Papers from SWICo members
Claudio Cesaroni, Luca Spogli, Angela Aragon-Angel, Michele Fiocca, Varuliator Dear, Giorgiana De Franceschi, Vincenzo Romano
We describe a novel empirical model to forecast, one day in advance, the Total Electron Content (TEC) at global scale. The technique is based on the Global Ionospheric Map (GIM), provided by the International GNSS Service (IGS), and exploits a nonlinear autoregressive neural network with external input (NARX) applied to selected TEC time series for soma particular GIM grid points (24 h single-point TEC forecasting), taking into account the actual and forecasted geomagnetic conditions. To extend the forecasting at a global scale, the technique leverages of the NeQuick2 Model fed by an effective sunspot number R12 (R12eff), calculated by minimizing the root mean square error (RMSE) between NARX output and NeQuick2 applied at the same GIM grid points. This new approach is able to reproduce the behavior of the ionosphere especially during disturbed periods.

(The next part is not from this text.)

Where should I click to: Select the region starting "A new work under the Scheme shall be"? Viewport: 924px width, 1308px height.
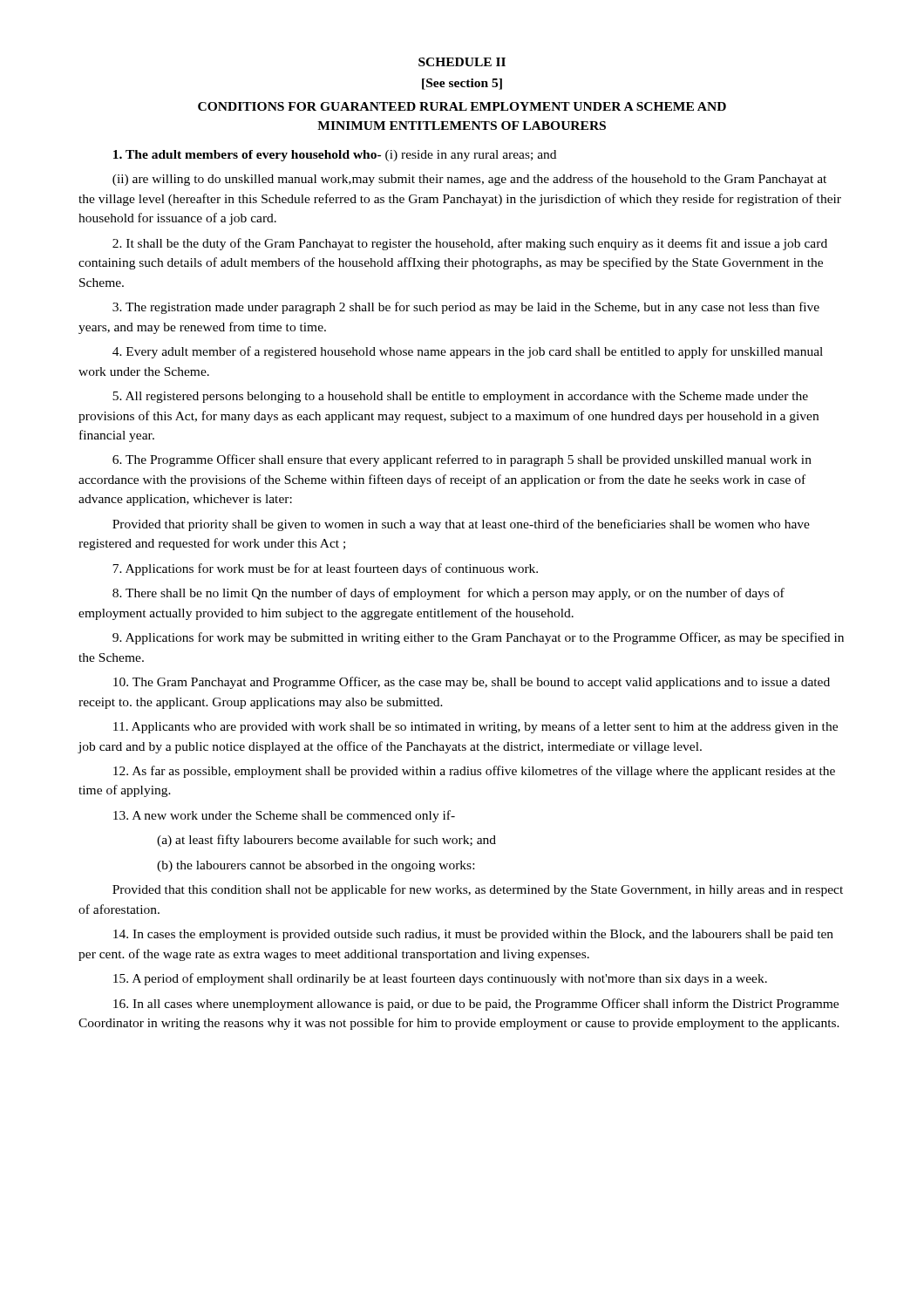[x=267, y=815]

The performance of the forecasting model is extensively validated under different geospatial conditions, against both TEC maps products by UPC (Universitat Politècnica de Catalunya) and independent TEC data from Jason-3 spacecraft. The validation gives very satisfactory results in terms of RMSE, as it has been found to range between 3 and 5 TECu. RMSE depend on the latitude sectors, time of the day, geomagnetic conditions, and provide a statistical estimation of the accuracy of the 24-h forecasting technique even over the areas poorly covered by GNSS receivers (i.e. the oceans). The validation of the forecasting during five geomagnetic storms reveals that the model performance is not deteriorated during disturbed periods. This 24-h empirical approach is currently implemented on the Ionosphere Prediction Service (IPS), a prototype platform to support different classes of GNSS users in order to support the mitigation of the ionospheric effects on GNSS based technologies.
Publication: Cesaroni, C., Spogli, L., Aragon-Angel, A., Fiocca, M., Dear, V., De Franceschi, G., & Romano, V. (2020). Neural network based model for global Total Electron Content forecasting. Journal of Space Weather and Space Climate, 10, 11.